Mikhail and Heath immediately looked as if they’d been caught with their pants down around their ankles, though they maintained a firm grip on Nathan.

“Did you hear me? Let go of him!”

“And if we don’t, what are you going to do?” Mikhail sputtered as Heath sneered viciously at Andy.

Staying calm, she reached her hand inside the backpack she carried to the hospital every day and fished around until she found her loaded pistol. Using both hands to hold the weapon, she pointed the barrel back and forth between Heath and Mikhail.

“Let him go or you’ll both get a bullet to the leg, and I won’t pull them out.”

After a tense silence, Heath and Mikhail reluctantly released Nathan. Gesturing with her pistol, she ordered the two out of the room. Fuming with anger, Heath and Mikhail skulked to the door.

“You’ll regret this, bitch!” Mikhail said with a flourish as he followed Heath outside.

Wordlessly, she followed and watched them exit the hospital with her pistol grip remaining firm. Then she returned to the operating room and tucked the weapon back into her bag.

“Did they hurt you?” she asked Nathan, moving toward him.

He shook his head. There were tears in his eyes. She gently placed her hands on his shoulders. Only after touching him did she become aware that her own hands were shaking.

“What happened, Nathan?”

But he was too upset to answer. A tear that had been hanging on precariously to his left eyelid finally gave up its fight and fell to the floor.

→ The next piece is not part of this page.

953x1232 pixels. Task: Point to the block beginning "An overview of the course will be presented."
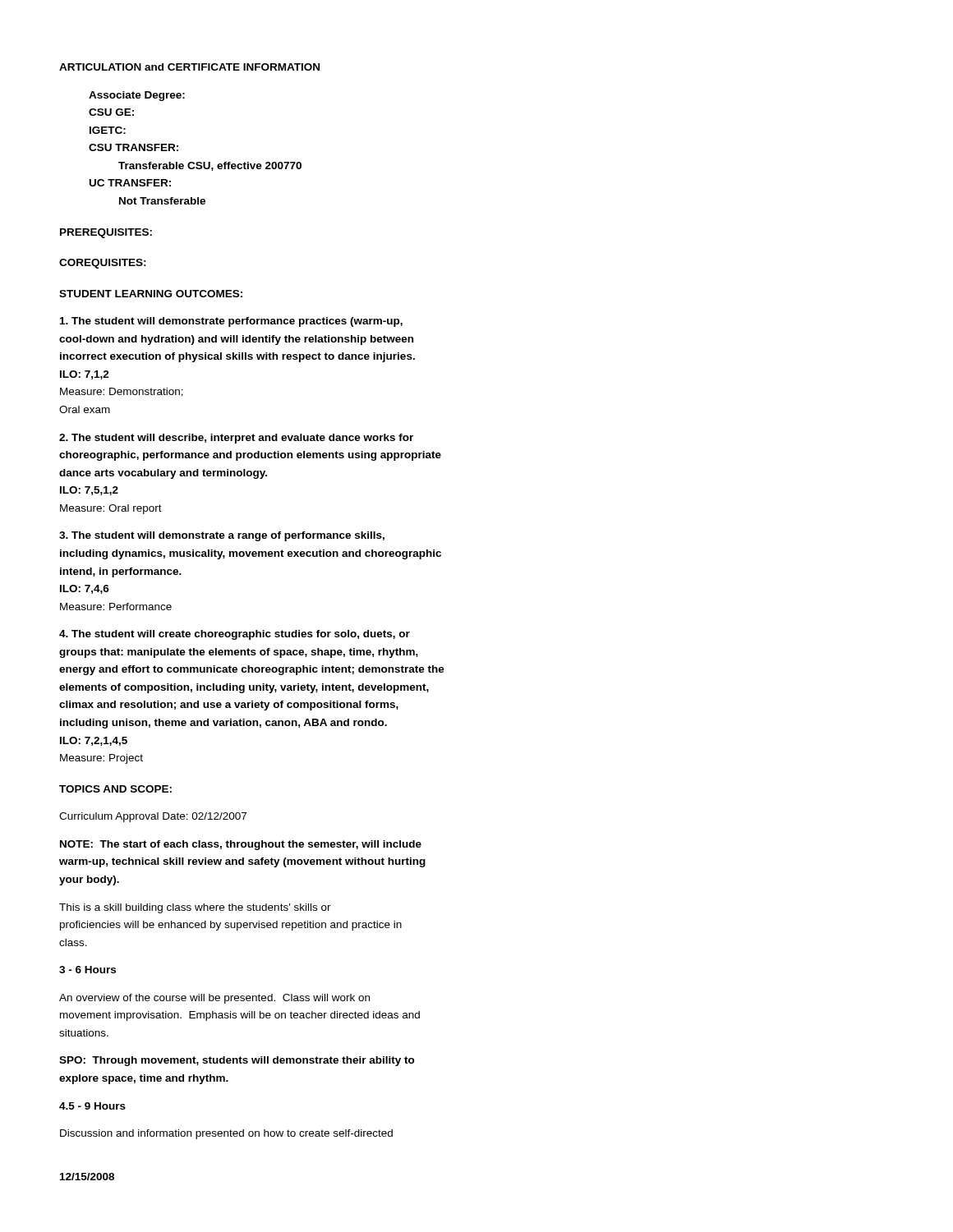[x=396, y=1015]

“Nathan, it’s okay, you can tell me. I won’t let them get away with it. I promise.”

Wearily, he lifted his gaze to meet Andy’s. She took a step back to give him space. Huddled in the corner, Nathan appeared smaller than usual. “They thought I saw something that I wasn’t supposed to, but when I told them I didn’t see anything, they didn’t believe me.”

“What did they think you saw?”

He shrugged weakly. “I don’t know. I mean I don’t know exactly what I saw.”

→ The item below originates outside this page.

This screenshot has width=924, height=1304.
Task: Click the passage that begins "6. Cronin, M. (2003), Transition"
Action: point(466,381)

“But you did see something. What was it?”

He bit his lower lip and his gaze went to the floor.

“Nathan, please. I can’t help if you don’t tell me.”

He wiped his tears and looked up. “It was last night. I was over at a friend’s house for dinner with a few others from school. It was Alison’s house. Her older sister makes the best hamburgers.” This remark brought a brief smile to his face, and Andy smiled in return. “Anyway, after dinner, I went to the store to see if Mark was still there and if he needed any help.”

Mark was Nathan’s older brother and a friend of Charlie’s who ran the grocery store in town. Andy would often see him there cleaning up after closing.

“I didn’t see Mark inside the store when I got there, but I saw that the lights had been left on. I figured Mark must have forgotten, so I went inside to turn them off.” He paused and wiped at his eyes again. “I heard noises coming from the back of the store, like people talking or something. So I went to the back and saw that the back door was open, and that all the freezers were empty. I figured that the store was getting robbed, so I hid behind one of the shelves near the freezers. I should’ve just left the store, but I wanted to see who was robbing us. I saw three people standing in front of a truck outside. It was Heath and his brother, Garrett, talking to someone else. I didn’t recognize him, which I thought was strange, because I know everyone in town.”

Another pause and a trembling breath.

“Then I decided to leave before they saw me, but when I moved, I accidentally knocked over a jar of applesauce. It crashed and broke on the floor. They heard the noise and came running inside the store. I turned off the light switch so they couldn’t see and went out the front. When I got outside, I ran as fast as I could all the way home. I didn’t think they saw me, but they knew it was either me or Mark. We’re the only ones with keys to the store.”